* Listed entries
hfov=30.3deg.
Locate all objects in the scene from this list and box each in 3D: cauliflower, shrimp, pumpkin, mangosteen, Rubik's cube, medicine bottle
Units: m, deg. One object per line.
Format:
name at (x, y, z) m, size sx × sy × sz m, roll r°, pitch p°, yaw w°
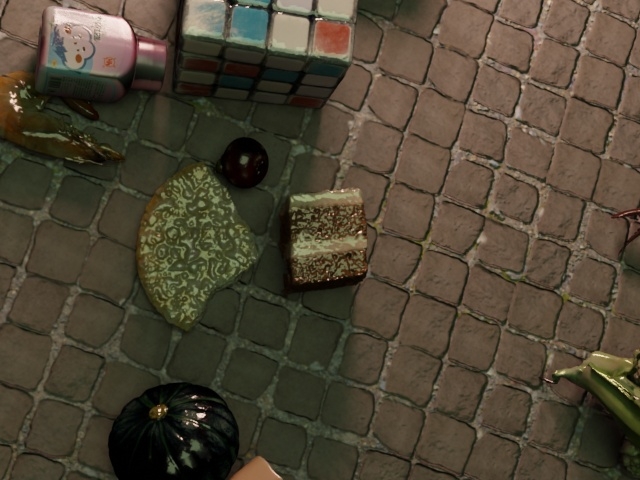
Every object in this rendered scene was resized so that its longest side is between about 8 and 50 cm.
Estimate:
cauliflower at (0.502, 0.236, 1.851) m, size 0.315 × 0.256 × 0.239 m, roll 21°, pitch 79°, yaw 23°
shrimp at (-0.402, -0.185, 1.805) m, size 0.236 × 0.053 × 0.133 m, roll 22°, pitch 55°, yaw -4°
pumpkin at (-0.212, 0.291, 1.695) m, size 0.194 × 0.194 × 0.150 m, roll -18°, pitch 104°, yaw -14°
mangosteen at (-0.120, -0.122, 1.832) m, size 0.080 × 0.081 × 0.081 m, roll 2°, pitch 80°, yaw -12°
Rubik's cube at (-0.086, -0.363, 1.788) m, size 0.258 × 0.253 × 0.256 m, roll 6°, pitch 79°, yaw -12°
medicine bottle at (-0.333, -0.278, 1.796) m, size 0.187 × 0.094 × 0.119 m, roll 6°, pitch 68°, yaw -17°

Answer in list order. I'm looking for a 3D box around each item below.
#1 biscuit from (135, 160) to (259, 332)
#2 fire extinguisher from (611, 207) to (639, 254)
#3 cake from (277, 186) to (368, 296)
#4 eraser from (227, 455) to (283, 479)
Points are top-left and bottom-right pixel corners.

* Exercise goal
Your output must be the exact lines from the one containing "#3 cake from (277, 186) to (368, 296)" through the end of the data above, both included, and nothing more.

* Result for this exercise
#3 cake from (277, 186) to (368, 296)
#4 eraser from (227, 455) to (283, 479)
Points are top-left and bottom-right pixel corners.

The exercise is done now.